Task: Below are some records; give them all again exactly, but not the pictures.

─── Provided records ───

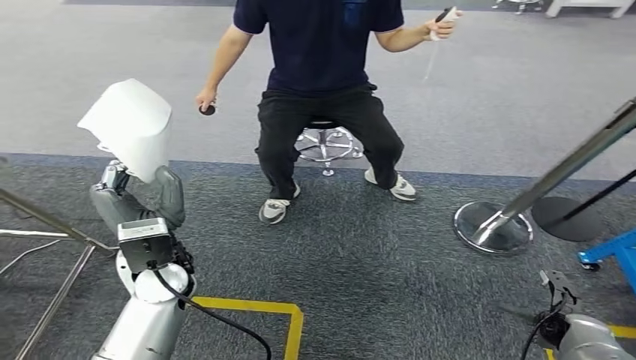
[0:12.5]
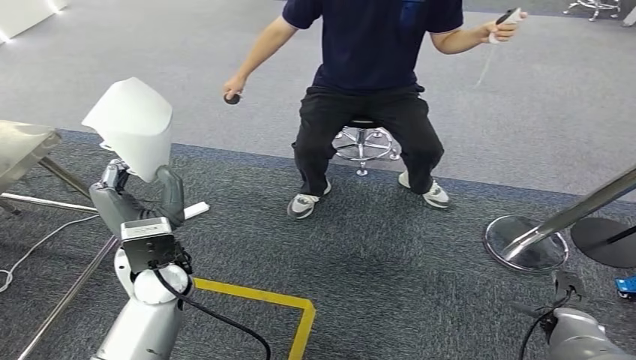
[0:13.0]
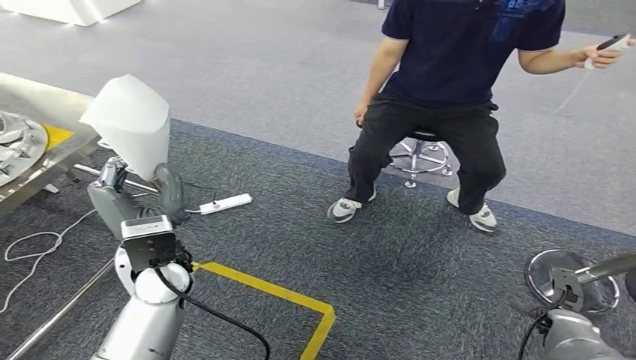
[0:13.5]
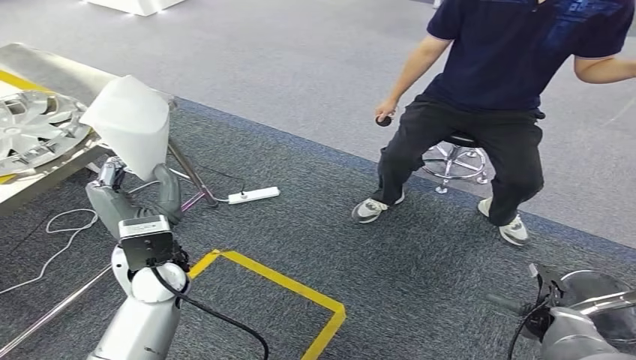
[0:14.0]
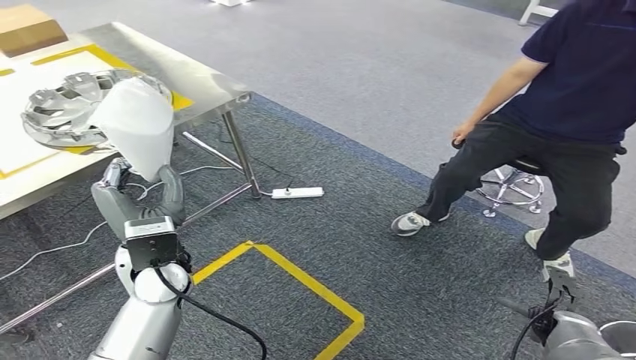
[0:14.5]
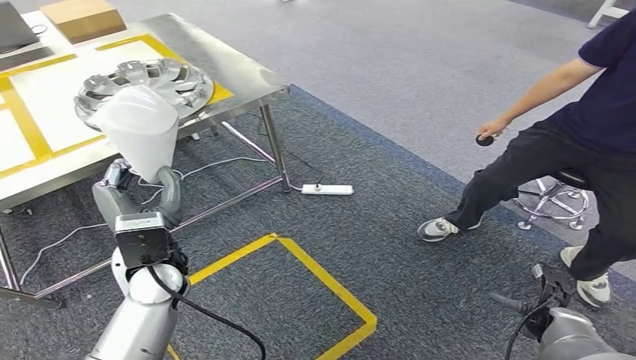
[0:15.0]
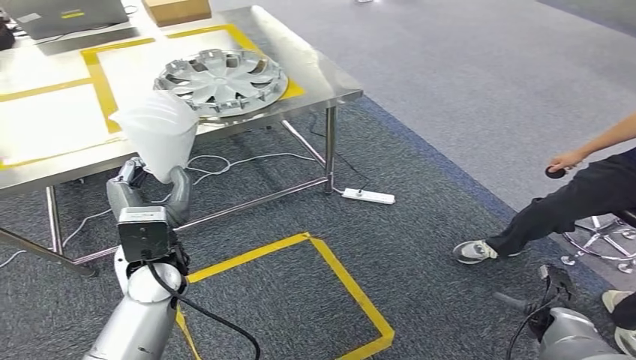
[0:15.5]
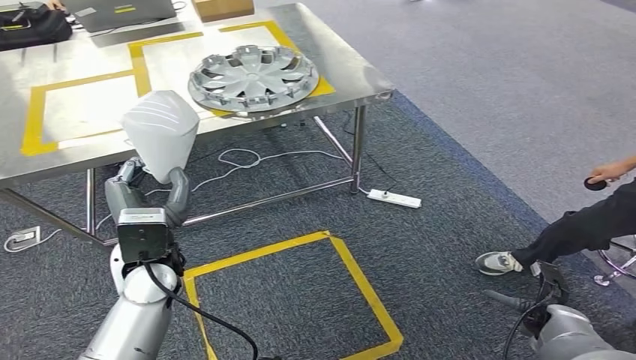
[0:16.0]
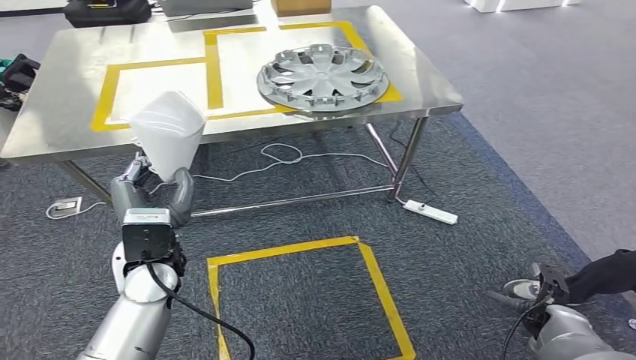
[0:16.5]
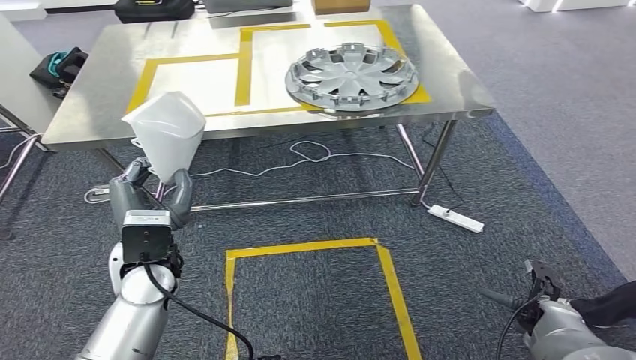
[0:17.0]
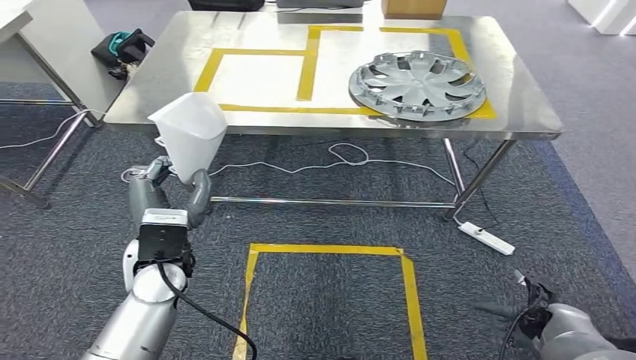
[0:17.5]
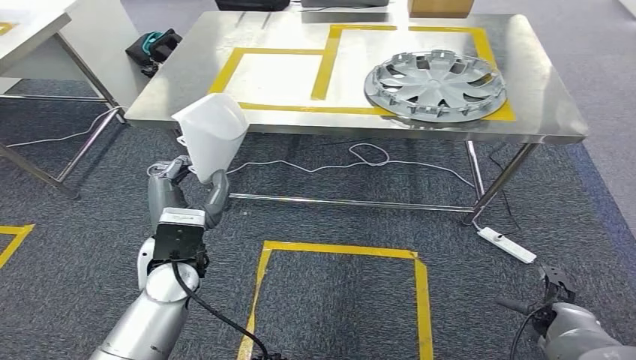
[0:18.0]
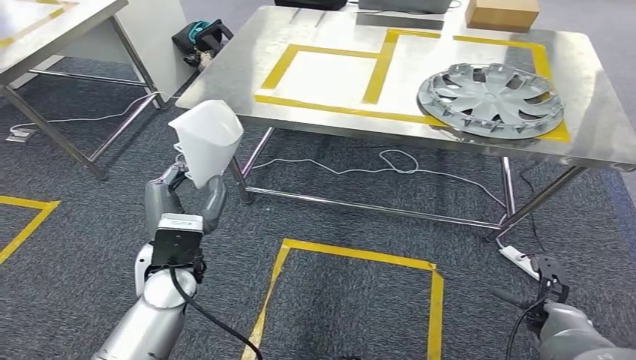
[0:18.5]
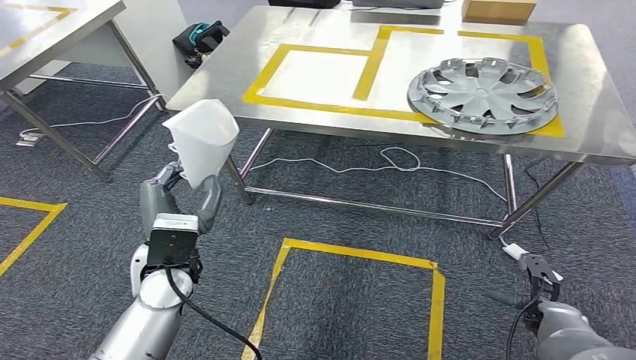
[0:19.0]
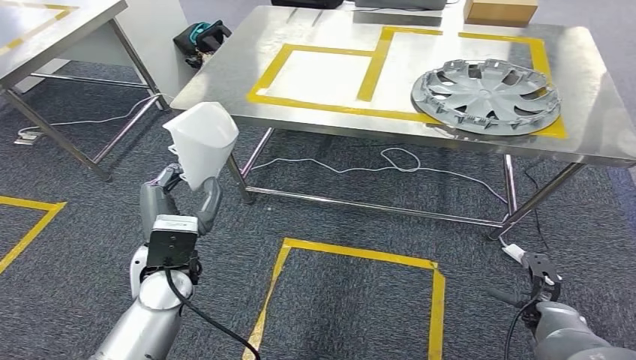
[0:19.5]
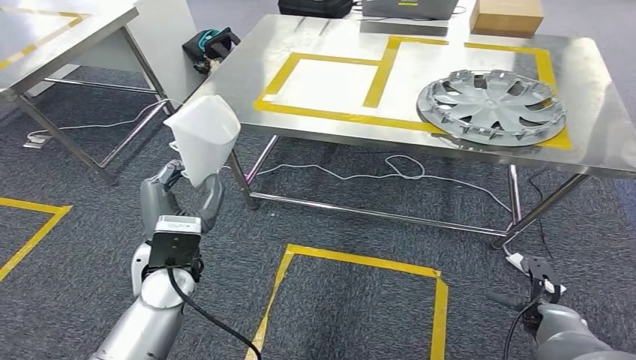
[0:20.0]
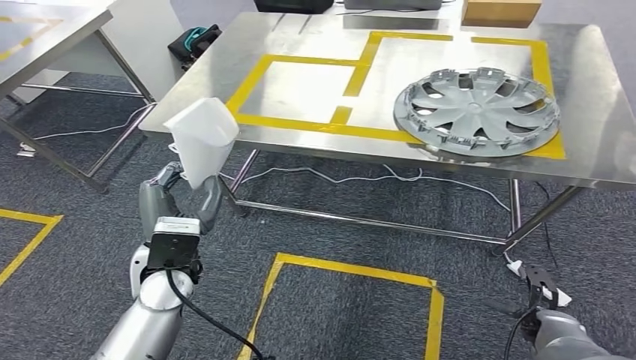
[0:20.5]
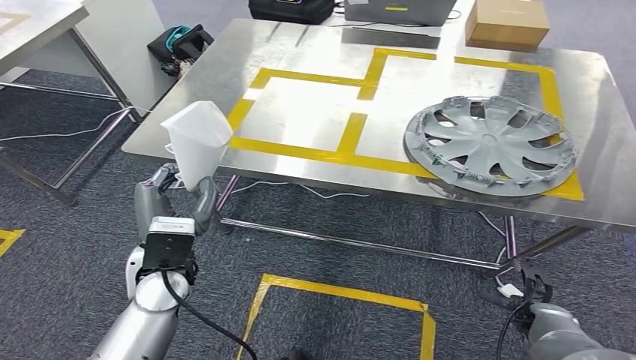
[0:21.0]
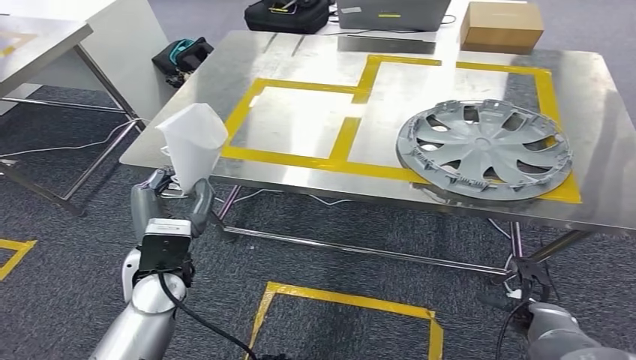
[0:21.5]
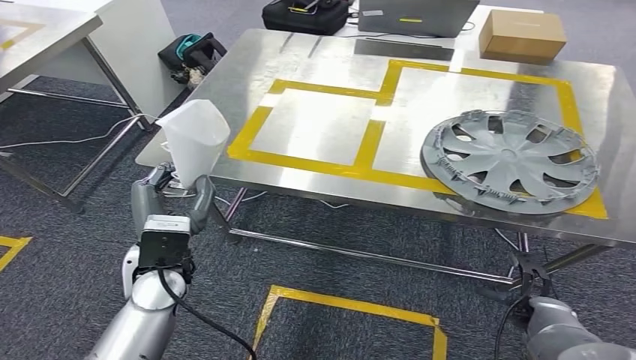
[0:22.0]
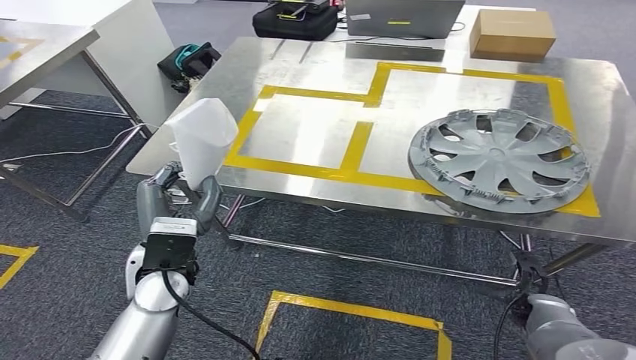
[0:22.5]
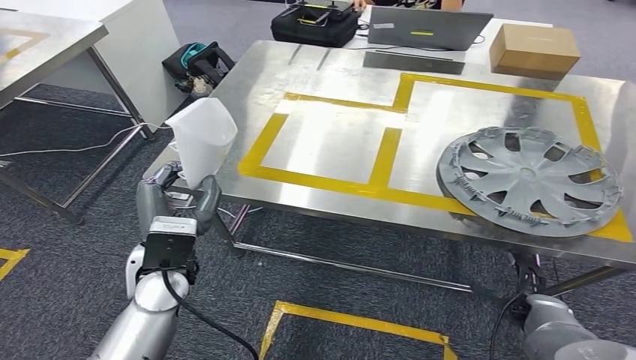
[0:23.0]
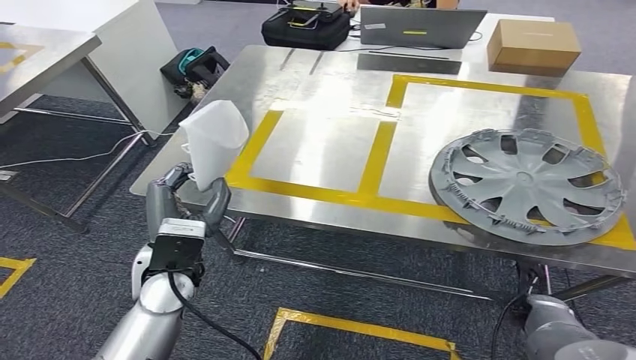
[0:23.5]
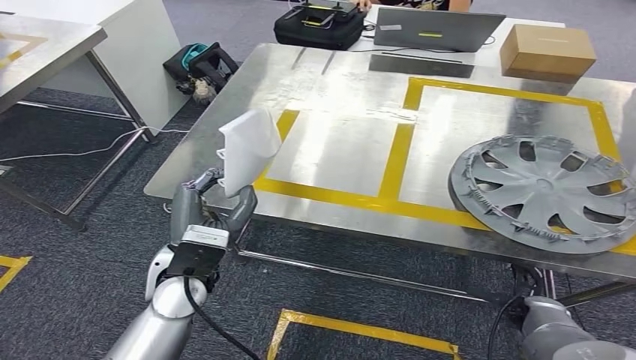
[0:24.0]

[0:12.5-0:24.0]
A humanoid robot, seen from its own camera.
Step, 0:12.5 to 0:18.0: Move the small component to the workbench.

───

Your response:
[0:12.5]
[0:13.0]
[0:13.5]
[0:14.0]
[0:14.5]
[0:15.0]
[0:15.5]
[0:16.0]
[0:16.5]
[0:17.0]
[0:17.5]
[0:18.0]
[0:18.5]
[0:19.0]
[0:19.5]
[0:20.0]
[0:20.5]
[0:21.0]
[0:21.5]
[0:22.0]
[0:22.5]
[0:23.0]
[0:23.5]
[0:24.0]

[0:12.5-0:24.0]
A humanoid robot, seen from its own camera.
Step, 0:12.5 to 0:18.0: Move the small component to the workbench.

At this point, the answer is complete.